History and applications

HIV virus population growth and decay

In a series of papers in the 1990s, scientists used mathematical models to study HIV viruses in the human body (see the References section).

When a person contracts HIV, viruses infect white blood cells by attaching to certain proteins, and the infected cells are reprogrammed to produce viruses. After an initial acute phase, but before the onset of AIDS, the HIV viruses circulate within the body at low levels. It was previously thought that not much is happening during this phase, but a mathematical model helped to show that this is not the case.

The number \(n\) of HIV viruses (per millilitre of extracellular fluid) after \(t\) days can be modelled by the differential equation

\[ \dfrac{dn}{dt} = kn + m, \]

where \(k\) is the rate at which viruses are cleared from the bloodstream by the immune system (that is, the continuous decay rate for viruses) and \(m\) is a constant rate of production of viruses from host cells (per day per millilitre of fluid).

We look at a simplified version of an experiment conducted by Perelson and others (see the References section). The experiment started by assuming that the level of HIV viruses had reached equilibrium. A typical value for the number of viruses in the bloodstream was \(100\ 000\) per millilitre.

Exercise 11

Explain why \(- \dfrac{m}{k} \approx 100\,000\).

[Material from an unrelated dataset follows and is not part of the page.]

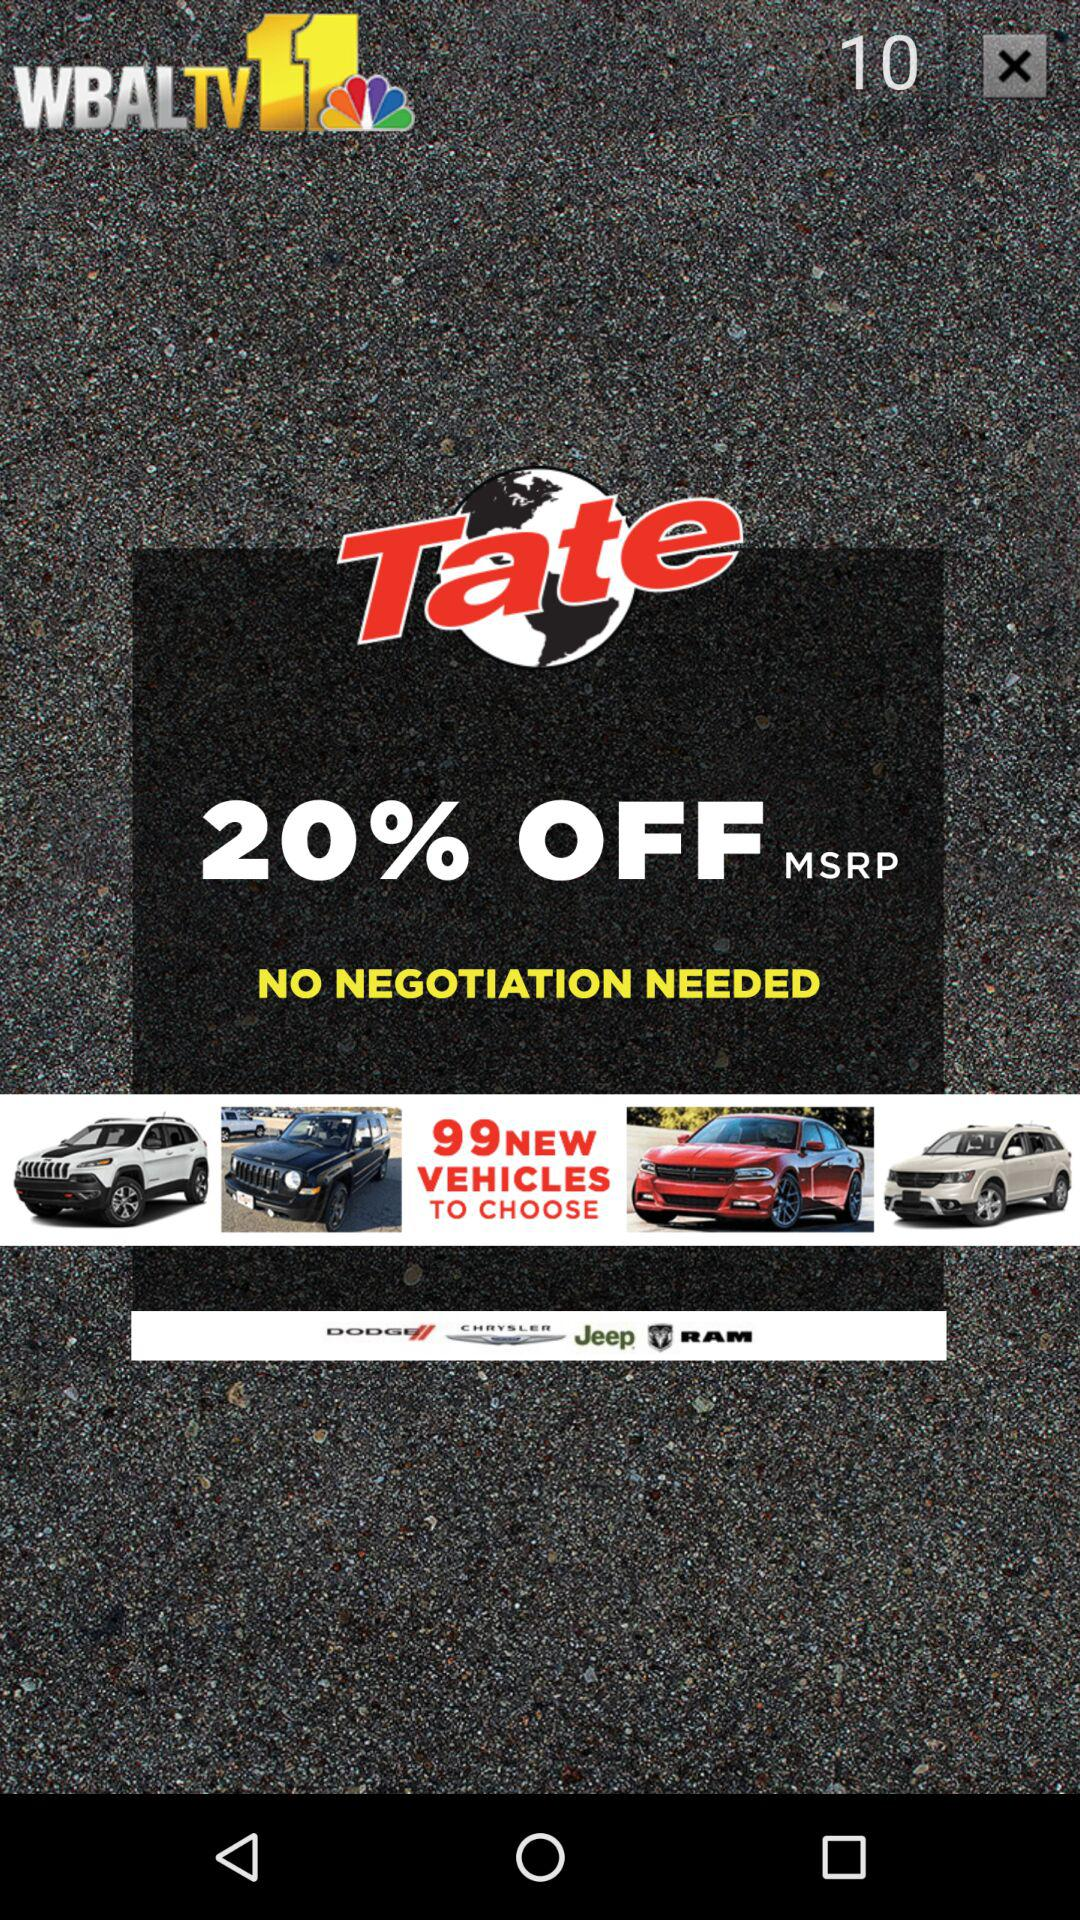What is the name of the application? The name of the application is "WBALTV11".

During the experiment, an antiviral agent was administered which effectively reduced the production of new viruses to zero, that is, \(m=0\). It was then found that the number of viruses decreased exponentially with a half-life of 0.24 days.

Exercise 12

Find the decay rate \(k\).

From this information, several calculations can be made.

Exercise 13

  1. Based on the previous exercises, compute \(m\), the production rate of viruses per day per millilitre of extracellular fluid.
  2. The average human body contains about 15 litres of extracellular fluid. Approximately how many viruses are produced per day?

The answer found by the experimenters (using a more sophisticated model than ours) was that about \(10^{10}\) viruses are produced per day — far more than previously thought. Even when the HIV infection is in an apparently quiet phase, a huge number of viruses are being produced and destroyed every day!